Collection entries
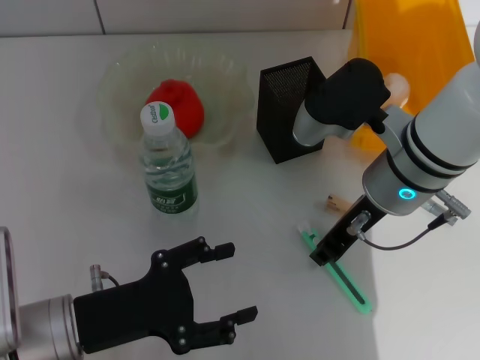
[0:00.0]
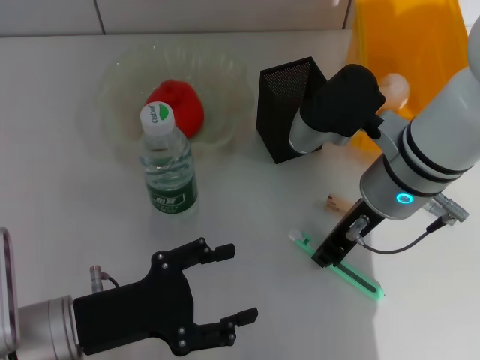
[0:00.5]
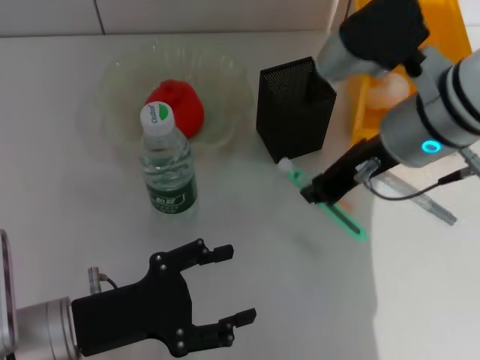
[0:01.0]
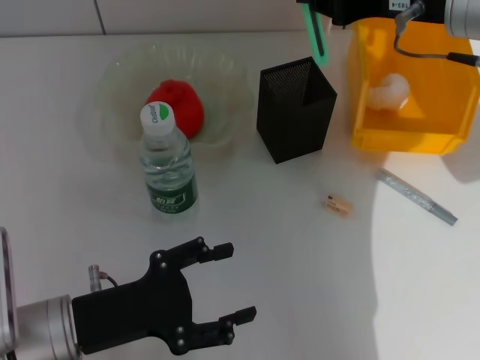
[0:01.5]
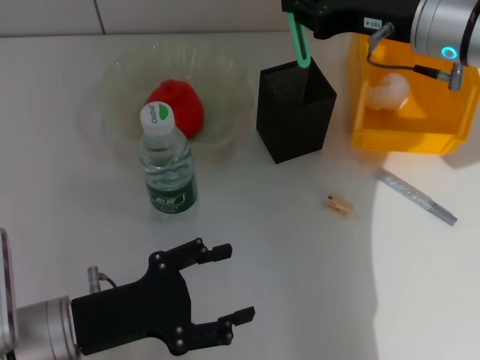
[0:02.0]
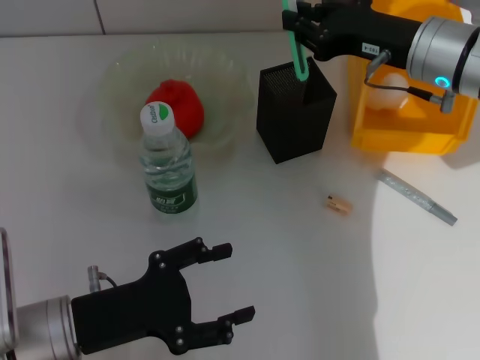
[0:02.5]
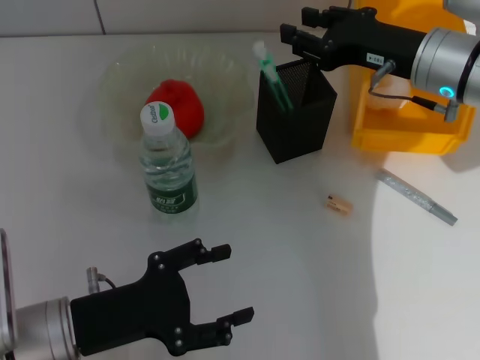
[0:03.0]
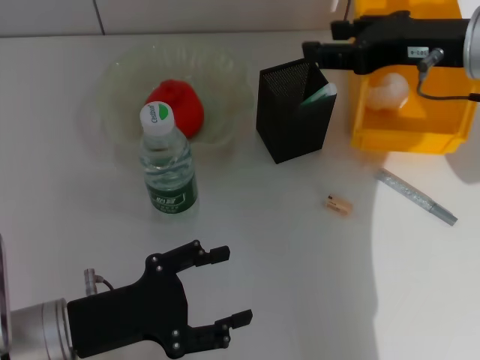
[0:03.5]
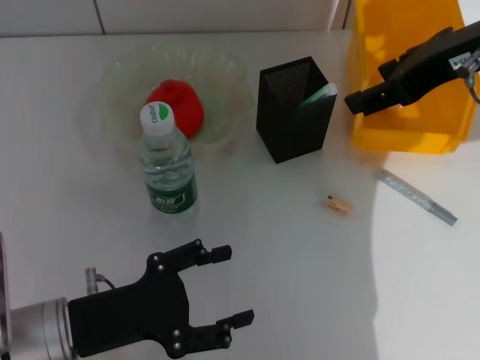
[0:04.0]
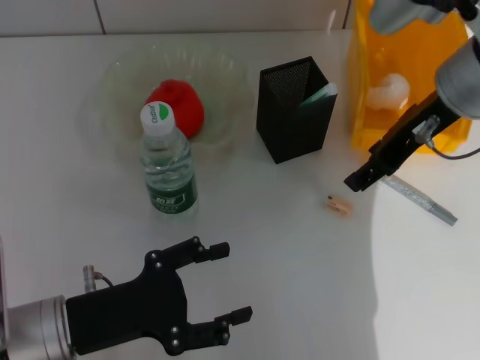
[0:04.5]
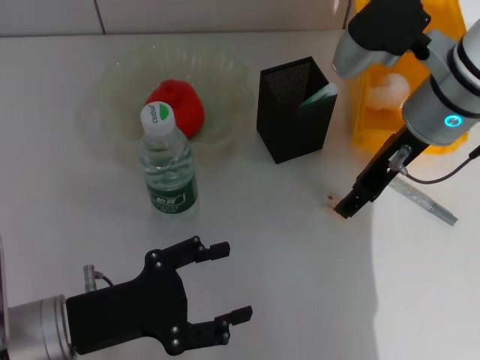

[Work to be completed]
Reproduce each line above precisely, with no pictures.

[Written solution]
[0:00.0]
[0:00.5]
[0:01.0]
[0:01.5]
[0:02.0]
[0:02.5]
[0:03.0]
[0:03.5]
[0:04.0]
[0:04.5]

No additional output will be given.